Some of the Deputies who were seeking to speak took up 25 to 35 minutes of debating time by the carryover of another business and I sat here awaiting the opportunity to speak during those 35 minutes. However, I will conclude as quickly as I can because I know others are very anxious to contribute. The two points I made at the start are the ones I should like the Minister to address because they are the fundamental flaws in the legislation as it stands. He can return to the other issues.

We support entirely the initiative to bring in controls in this area. We believe that a good deal of progress has been made on the Bill but that further progress needs to be made.

I welcome the opportunity to speak on this Bill. The House will remember the tragic death some years ago of a young man in an institution in Dublin which caused a great deal of public alarm. I was sufficiently interested to go along to the institute at the invitation of many of the people working there to establish what was going on. As a result of that visit I was shown copies of the coroner's report which subsequently exonerated the institute completely from any responsibility in relation to the tragic death of that young man. He had not disclosed he was taking another drug which, unfortunately, interacted with the one being tested. There were four other volunteers on the same drug but they had no ill effects. As a result of that tragic incident the institute initiated a number of new tests on volunteers.
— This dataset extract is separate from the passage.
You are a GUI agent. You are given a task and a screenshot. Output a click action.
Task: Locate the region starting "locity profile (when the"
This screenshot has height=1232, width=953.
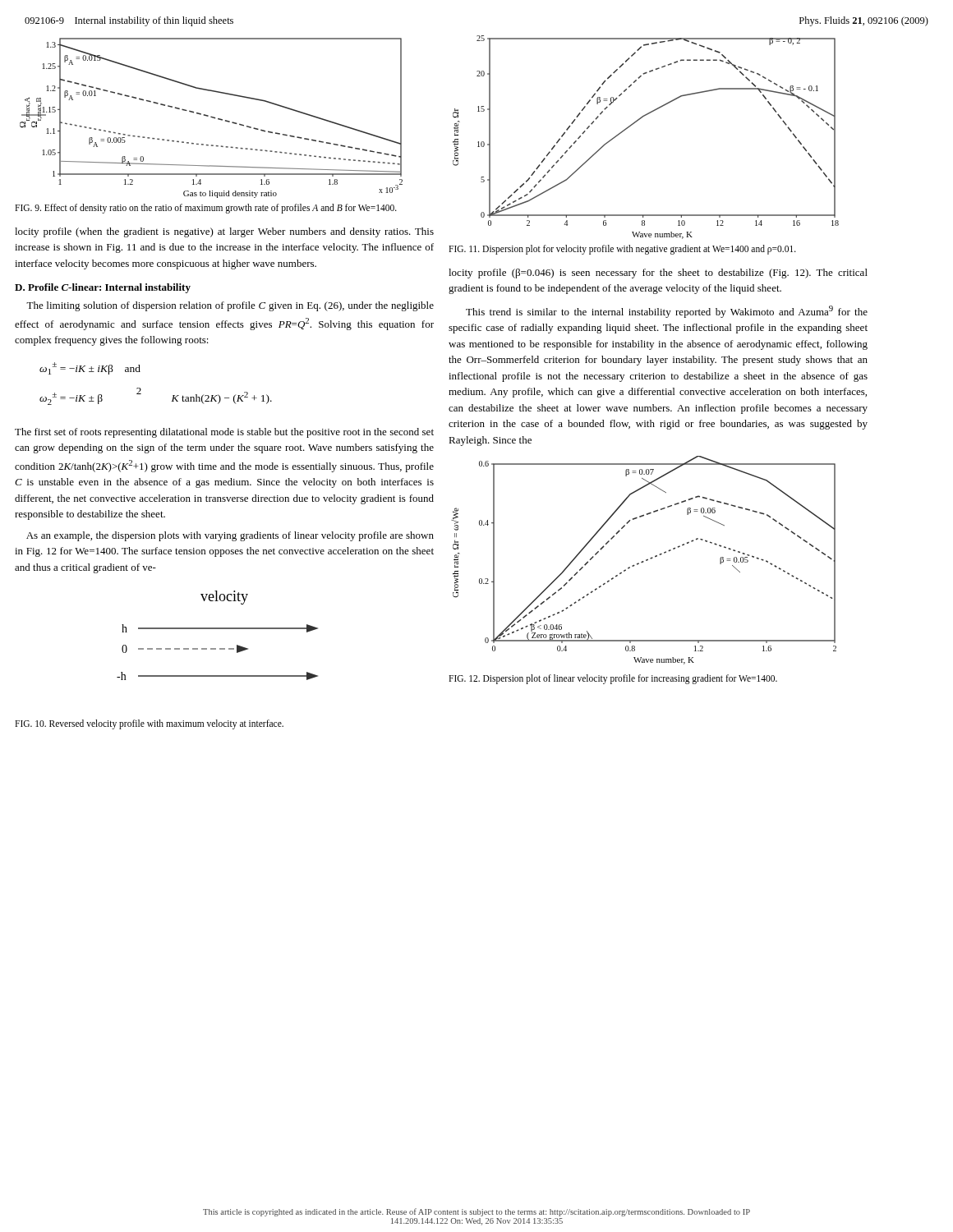coord(224,247)

Subsequently I raised the matter at our local health committee. I informed them that the institute would be quite happy if the committee wanted to visit the institute and ask any questions of the clinical director. The committee did visit the institute, as a result of which the director of the institute invited the local health committee to nominate two members to serve on their ethics committee. At that time I was nominated by Deputy Tomás Mac Giolla and a former councillor, Councillor Paddy Dunne, was also nominated to serve on that committee. I found out something about ethics committees and their functions. As an ethics committee our function is not to become involved in the technical detail of any drug being administered but rather to satisfy ourselves that volunteers know there is always a certain risk involved in volunteering for drug testing and understand exactly what is being proposed to them.

The institute are very happy with the provisions of this Bill and are very glad its provisions have been tidied up. The punitive provisions of the original Bill were so as to have almost required the consent of the Minister for Health to authorise a doctor to give a patient a diet chart. Much ground has been covered since. As Deputy Flaherty said, much of the looseness was eliminated in the course of the Seanad debate.

I should say that serving on this ethics committee, among others, are a housewife and myself. I can assure the House that, as a public representative, I would not be serving on such an ethics committee if I thought there was any danger involved for volunteers. I am absolutely satisfied that the volunteers are found to be healthy, young people. There have been reports and speculation from time to time that old people, down-and-outs, and people in bad health were volunteering on the strength of inducements. There was much speculation about inducements. It would be wonderful if, as in the case of somebody in Army service — when an officer was given a couple of weeks off to undertake FCA training — people could be given a couple of weeks leave each year to volunteer for drug testing if they wanted to do so.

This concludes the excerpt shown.